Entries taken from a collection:
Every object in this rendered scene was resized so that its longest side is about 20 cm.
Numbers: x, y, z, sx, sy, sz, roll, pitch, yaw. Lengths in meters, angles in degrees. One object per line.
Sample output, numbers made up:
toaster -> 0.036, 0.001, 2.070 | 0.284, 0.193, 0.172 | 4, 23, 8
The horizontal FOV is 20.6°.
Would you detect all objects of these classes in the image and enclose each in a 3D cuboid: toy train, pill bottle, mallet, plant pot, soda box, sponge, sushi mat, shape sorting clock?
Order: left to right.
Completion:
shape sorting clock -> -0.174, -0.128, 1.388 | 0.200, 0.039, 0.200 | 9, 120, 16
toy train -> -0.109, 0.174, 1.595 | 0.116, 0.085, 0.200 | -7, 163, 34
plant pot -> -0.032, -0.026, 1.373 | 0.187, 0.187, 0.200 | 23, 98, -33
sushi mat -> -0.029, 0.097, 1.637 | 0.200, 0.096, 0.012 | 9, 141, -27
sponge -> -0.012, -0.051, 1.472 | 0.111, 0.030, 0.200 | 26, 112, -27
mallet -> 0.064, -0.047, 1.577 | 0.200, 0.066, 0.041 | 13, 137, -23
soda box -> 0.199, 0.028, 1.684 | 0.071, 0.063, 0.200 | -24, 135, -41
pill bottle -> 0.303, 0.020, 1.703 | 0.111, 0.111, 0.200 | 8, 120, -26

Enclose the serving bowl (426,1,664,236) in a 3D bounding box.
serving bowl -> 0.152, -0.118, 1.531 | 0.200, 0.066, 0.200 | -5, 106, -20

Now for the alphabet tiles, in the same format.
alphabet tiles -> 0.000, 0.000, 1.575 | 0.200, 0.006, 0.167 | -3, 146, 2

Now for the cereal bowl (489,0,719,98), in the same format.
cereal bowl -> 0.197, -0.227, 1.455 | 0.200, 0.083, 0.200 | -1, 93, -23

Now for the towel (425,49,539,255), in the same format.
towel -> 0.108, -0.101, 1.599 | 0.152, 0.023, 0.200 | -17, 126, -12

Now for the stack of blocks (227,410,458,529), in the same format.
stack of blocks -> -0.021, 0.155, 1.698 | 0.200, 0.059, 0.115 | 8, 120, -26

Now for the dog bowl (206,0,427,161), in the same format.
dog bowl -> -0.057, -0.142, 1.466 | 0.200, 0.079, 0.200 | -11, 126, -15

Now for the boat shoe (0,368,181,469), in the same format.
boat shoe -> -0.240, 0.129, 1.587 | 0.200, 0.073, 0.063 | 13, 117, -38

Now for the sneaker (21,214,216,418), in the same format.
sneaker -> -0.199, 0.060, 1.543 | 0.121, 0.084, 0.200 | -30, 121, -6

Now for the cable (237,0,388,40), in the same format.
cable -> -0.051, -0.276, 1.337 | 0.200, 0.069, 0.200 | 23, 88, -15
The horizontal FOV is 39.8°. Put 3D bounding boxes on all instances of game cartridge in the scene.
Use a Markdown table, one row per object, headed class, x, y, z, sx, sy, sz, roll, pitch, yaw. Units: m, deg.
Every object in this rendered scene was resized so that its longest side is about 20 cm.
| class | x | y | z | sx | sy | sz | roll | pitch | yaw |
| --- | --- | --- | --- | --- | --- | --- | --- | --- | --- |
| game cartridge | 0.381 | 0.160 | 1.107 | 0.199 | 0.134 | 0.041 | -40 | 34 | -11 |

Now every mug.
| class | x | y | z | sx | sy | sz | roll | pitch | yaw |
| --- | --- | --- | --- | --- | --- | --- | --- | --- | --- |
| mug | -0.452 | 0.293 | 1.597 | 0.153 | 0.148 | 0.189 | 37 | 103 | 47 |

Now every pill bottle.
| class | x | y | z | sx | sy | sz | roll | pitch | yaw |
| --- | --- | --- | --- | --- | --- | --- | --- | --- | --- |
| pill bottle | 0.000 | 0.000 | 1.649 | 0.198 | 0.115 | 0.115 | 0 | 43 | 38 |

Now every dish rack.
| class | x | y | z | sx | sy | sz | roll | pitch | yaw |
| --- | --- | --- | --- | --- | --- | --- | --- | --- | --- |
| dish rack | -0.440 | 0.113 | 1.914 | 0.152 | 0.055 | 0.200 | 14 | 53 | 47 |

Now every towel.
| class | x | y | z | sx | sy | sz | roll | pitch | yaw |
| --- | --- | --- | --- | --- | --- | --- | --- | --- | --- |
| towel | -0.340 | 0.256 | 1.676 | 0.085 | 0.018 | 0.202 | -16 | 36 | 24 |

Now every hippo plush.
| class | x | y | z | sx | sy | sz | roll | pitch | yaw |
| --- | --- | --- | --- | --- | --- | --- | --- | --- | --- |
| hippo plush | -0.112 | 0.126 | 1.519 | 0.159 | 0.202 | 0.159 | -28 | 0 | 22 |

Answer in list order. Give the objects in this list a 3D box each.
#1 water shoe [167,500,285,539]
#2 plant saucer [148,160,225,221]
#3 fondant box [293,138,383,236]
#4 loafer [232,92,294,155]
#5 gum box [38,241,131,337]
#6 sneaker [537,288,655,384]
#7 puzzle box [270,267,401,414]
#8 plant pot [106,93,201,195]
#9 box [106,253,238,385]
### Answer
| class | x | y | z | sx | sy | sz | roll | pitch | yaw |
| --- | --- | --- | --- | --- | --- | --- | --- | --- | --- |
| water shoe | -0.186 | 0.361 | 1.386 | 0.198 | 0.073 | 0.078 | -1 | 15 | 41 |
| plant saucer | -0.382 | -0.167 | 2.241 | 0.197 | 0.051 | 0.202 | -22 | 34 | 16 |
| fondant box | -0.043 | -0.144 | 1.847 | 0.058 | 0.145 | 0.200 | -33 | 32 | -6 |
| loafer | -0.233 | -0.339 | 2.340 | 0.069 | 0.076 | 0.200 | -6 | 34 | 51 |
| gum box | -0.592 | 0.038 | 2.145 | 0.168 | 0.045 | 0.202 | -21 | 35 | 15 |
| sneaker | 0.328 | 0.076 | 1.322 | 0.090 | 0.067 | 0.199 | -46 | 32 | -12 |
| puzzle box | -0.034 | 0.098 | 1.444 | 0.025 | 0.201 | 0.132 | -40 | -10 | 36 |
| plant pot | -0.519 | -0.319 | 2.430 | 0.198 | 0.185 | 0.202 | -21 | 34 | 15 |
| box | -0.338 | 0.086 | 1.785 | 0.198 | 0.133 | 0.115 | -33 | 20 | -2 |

What you have to do -> Word for word, copy every entry.

Exercise output ->
Every object in this rendered scene was resized so that its longest side is about 20 cm.
Numbers: x, y, z, sx, sy, sz, roll, pitch, yaw. Lengths in meters, angles in degrees. One object per line.
Sample output, numbers made up:
toaster -> 0.036, 0.001, 2.070 | 0.284, 0.193, 0.172 | 4, 23, 8
The horizontal FOV is 20.6°.
Would you detect all objects of these classes in the image and enclose each in a 3D cuboid: toy train, pill bottle, mallet, plant pot, soda box, sponge, sushi mat, shape sorting clock?
Order: left to right.
Completion:
shape sorting clock -> -0.174, -0.128, 1.388 | 0.200, 0.039, 0.200 | 9, 120, 16
toy train -> -0.109, 0.174, 1.595 | 0.116, 0.085, 0.200 | -7, 163, 34
plant pot -> -0.032, -0.026, 1.373 | 0.187, 0.187, 0.200 | 23, 98, -33
sushi mat -> -0.029, 0.097, 1.637 | 0.200, 0.096, 0.012 | 9, 141, -27
sponge -> -0.012, -0.051, 1.472 | 0.111, 0.030, 0.200 | 26, 112, -27
mallet -> 0.064, -0.047, 1.577 | 0.200, 0.066, 0.041 | 13, 137, -23
soda box -> 0.199, 0.028, 1.684 | 0.071, 0.063, 0.200 | -24, 135, -41
pill bottle -> 0.303, 0.020, 1.703 | 0.111, 0.111, 0.200 | 8, 120, -26

Enclose the serving bowl (426,1,664,236) in a 3D bounding box.
serving bowl -> 0.152, -0.118, 1.531 | 0.200, 0.066, 0.200 | -5, 106, -20

Now for the alphabet tiles, in the same format.
alphabet tiles -> 0.000, 0.000, 1.575 | 0.200, 0.006, 0.167 | -3, 146, 2

Now for the cereal bowl (489,0,719,98), in the same format.
cereal bowl -> 0.197, -0.227, 1.455 | 0.200, 0.083, 0.200 | -1, 93, -23

Now for the towel (425,49,539,255), in the same format.
towel -> 0.108, -0.101, 1.599 | 0.152, 0.023, 0.200 | -17, 126, -12

Now for the stack of blocks (227,410,458,529), in the same format.
stack of blocks -> -0.021, 0.155, 1.698 | 0.200, 0.059, 0.115 | 8, 120, -26

Now for the dog bowl (206,0,427,161), in the same format.
dog bowl -> -0.057, -0.142, 1.466 | 0.200, 0.079, 0.200 | -11, 126, -15

Now for the boat shoe (0,368,181,469), in the same format.
boat shoe -> -0.240, 0.129, 1.587 | 0.200, 0.073, 0.063 | 13, 117, -38

Now for the sneaker (21,214,216,418), in the same format.
sneaker -> -0.199, 0.060, 1.543 | 0.121, 0.084, 0.200 | -30, 121, -6

Now for the cable (237,0,388,40), in the same format.
cable -> -0.051, -0.276, 1.337 | 0.200, 0.069, 0.200 | 23, 88, -15
The horizontal FOV is 39.8°. Put 3D bounding boxes on all instances of game cartridge in the scene.
Use a Markdown table, one row per object, headed class, x, y, z, sx, sy, sz, roll, pitch, yaw. Units: m, deg.
Every object in this rendered scene was resized so that its longest side is about 20 cm.
| class | x | y | z | sx | sy | sz | roll | pitch | yaw |
| --- | --- | --- | --- | --- | --- | --- | --- | --- | --- |
| game cartridge | 0.381 | 0.160 | 1.107 | 0.199 | 0.134 | 0.041 | -40 | 34 | -11 |

Now every mug.
| class | x | y | z | sx | sy | sz | roll | pitch | yaw |
| --- | --- | --- | --- | --- | --- | --- | --- | --- | --- |
| mug | -0.452 | 0.293 | 1.597 | 0.153 | 0.148 | 0.189 | 37 | 103 | 47 |

Now every pill bottle.
| class | x | y | z | sx | sy | sz | roll | pitch | yaw |
| --- | --- | --- | --- | --- | --- | --- | --- | --- | --- |
| pill bottle | 0.000 | 0.000 | 1.649 | 0.198 | 0.115 | 0.115 | 0 | 43 | 38 |

Now every dish rack.
| class | x | y | z | sx | sy | sz | roll | pitch | yaw |
| --- | --- | --- | --- | --- | --- | --- | --- | --- | --- |
| dish rack | -0.440 | 0.113 | 1.914 | 0.152 | 0.055 | 0.200 | 14 | 53 | 47 |

Now every towel.
| class | x | y | z | sx | sy | sz | roll | pitch | yaw |
| --- | --- | --- | --- | --- | --- | --- | --- | --- | --- |
| towel | -0.340 | 0.256 | 1.676 | 0.085 | 0.018 | 0.202 | -16 | 36 | 24 |

Now every hippo plush.
| class | x | y | z | sx | sy | sz | roll | pitch | yaw |
| --- | --- | --- | --- | --- | --- | --- | --- | --- | --- |
| hippo plush | -0.112 | 0.126 | 1.519 | 0.159 | 0.202 | 0.159 | -28 | 0 | 22 |

Answer in list order. Give the objects in this list a 3D box each.
#1 water shoe [167,500,285,539]
#2 plant saucer [148,160,225,221]
#3 fondant box [293,138,383,236]
#4 loafer [232,92,294,155]
#5 gum box [38,241,131,337]
#6 sneaker [537,288,655,384]
#7 puzzle box [270,267,401,414]
#8 plant pot [106,93,201,195]
#9 box [106,253,238,385]
### Answer
| class | x | y | z | sx | sy | sz | roll | pitch | yaw |
| --- | --- | --- | --- | --- | --- | --- | --- | --- | --- |
| water shoe | -0.186 | 0.361 | 1.386 | 0.198 | 0.073 | 0.078 | -1 | 15 | 41 |
| plant saucer | -0.382 | -0.167 | 2.241 | 0.197 | 0.051 | 0.202 | -22 | 34 | 16 |
| fondant box | -0.043 | -0.144 | 1.847 | 0.058 | 0.145 | 0.200 | -33 | 32 | -6 |
| loafer | -0.233 | -0.339 | 2.340 | 0.069 | 0.076 | 0.200 | -6 | 34 | 51 |
| gum box | -0.592 | 0.038 | 2.145 | 0.168 | 0.045 | 0.202 | -21 | 35 | 15 |
| sneaker | 0.328 | 0.076 | 1.322 | 0.090 | 0.067 | 0.199 | -46 | 32 | -12 |
| puzzle box | -0.034 | 0.098 | 1.444 | 0.025 | 0.201 | 0.132 | -40 | -10 | 36 |
| plant pot | -0.519 | -0.319 | 2.430 | 0.198 | 0.185 | 0.202 | -21 | 34 | 15 |
| box | -0.338 | 0.086 | 1.785 | 0.198 | 0.133 | 0.115 | -33 | 20 | -2 |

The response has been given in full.